An opening suggestion: unify the signature, let ``bias`` be a deprecated way to to set ``ddof``, and warn users of scipy.stats.var (or std) if they do not set ``ddof``.
How about (possibly in addition to your suggestion) deprecating the re-exporting of numpy functions inside scipy? People often seem to ask about whether they should be using the scipy "version" or the numpy "version" of some function, when in fact it's just a re-exporting of the name. This still leaves the question of an inconsistency between scipy and numpy, for which I think your suggestion is a reasonable solution. Anne
2008/9/24 Anne Archibald <peridot.faceted@gmail.com>:
How about (possibly in addition to your suggestion) deprecating the re-exporting of numpy functions inside scipy? People often seem to ask about whether they should be using the scipy "version" or the numpy "version" of some function, when in fact it's just a re-exporting of the name.
I'm all in favour of that suggestion. Cheers Stéfan
2008/9/24 Anne Archibald <peridot.faceted@gmail.com>:
How about (possibly in addition to your suggestion) deprecating the re-exporting of numpy functions inside scipy? People often seem to ask about whether they should be using the scipy "version" or the numpy "version" of some function, when in fact it's just a re-exporting of the name.
On 9/25/2008 3:48 AM Stéfan van der Walt apparently wrote:
I'm all in favour of that suggestion.
I am not taking a strong position other than to say user convenience should matter, but the following really seems adequate to me: >>> help(sp.var) Help on function var in module numpy.core.fromnumeric: Cheers, Alan Isaac
Wed, 24 Sep 2008 16:35:45 -0400, Anne Archibald wrote:
2008/9/24 Alan G Isaac <aisaac@american.edu>:
On 9/24/2008 12:05 PM Pierre GM apparently wrote:
I think the default to biased estimates was kept for backward compatibility.

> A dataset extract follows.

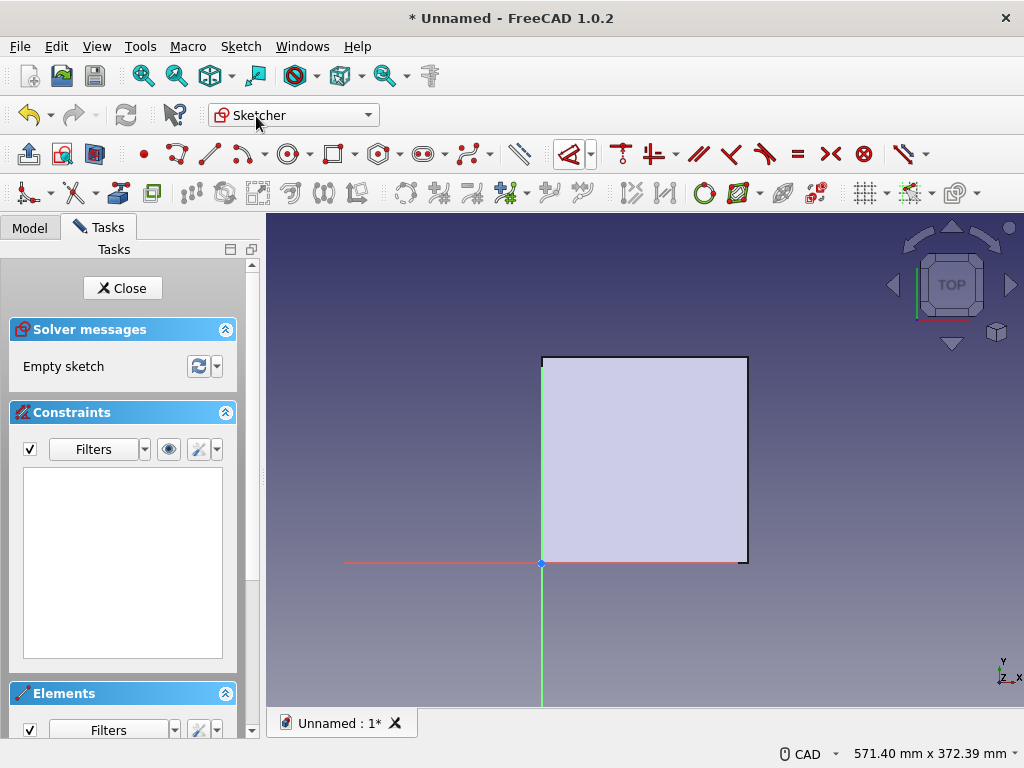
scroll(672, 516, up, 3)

It is still a problem that scip.var and scipy.stats.var behave differently (and even have a different signature). What is the way forward?
An opening suggestion: unify the signature, let ``bias`` be a deprecated way to to set ``ddof``, and warn users of scipy.stats.var (or std) if they do not set ``ddof``.

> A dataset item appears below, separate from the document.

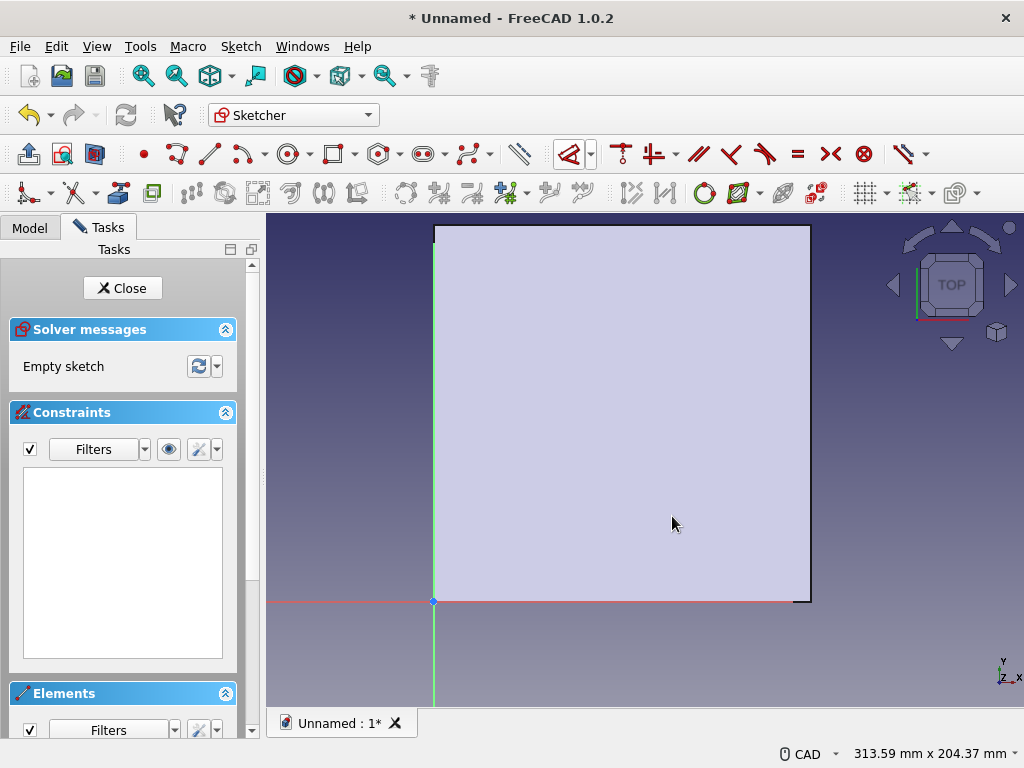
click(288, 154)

How about (possibly in addition to your suggestion) deprecating the re-exporting of numpy functions inside scipy? People often seem to ask about whether they should be using the scipy "version" or the numpy "version" of some function, when in fact it's just a re-exporting of the name.
The opposite direction would be completely removing `var` from scipy.stats. Is there a reason why the function is reimplemented in scipy? There's probably need eg. for float -> complex casting sqrt(), but I don't clearly see why there are two variants of `var`. Personally, I'd prefer not to have the same function reimplemented in two places, unless there is a clear need for it. I think there are more examples of duplication / signature mismatches in scipy vs. numpy that could be cleaned up a bit, at least in scipy.linalg. -- Pauli Virtanen
On Thursday, 25 September 2008, Pauli Virtanen wrote:
The opposite direction would be completely removing `var` from scipy.stats. Is there a reason why the function is reimplemented in scipy? There's probably need eg. for float -> complex casting sqrt(), but I don't clearly see why there are two variants of `var`.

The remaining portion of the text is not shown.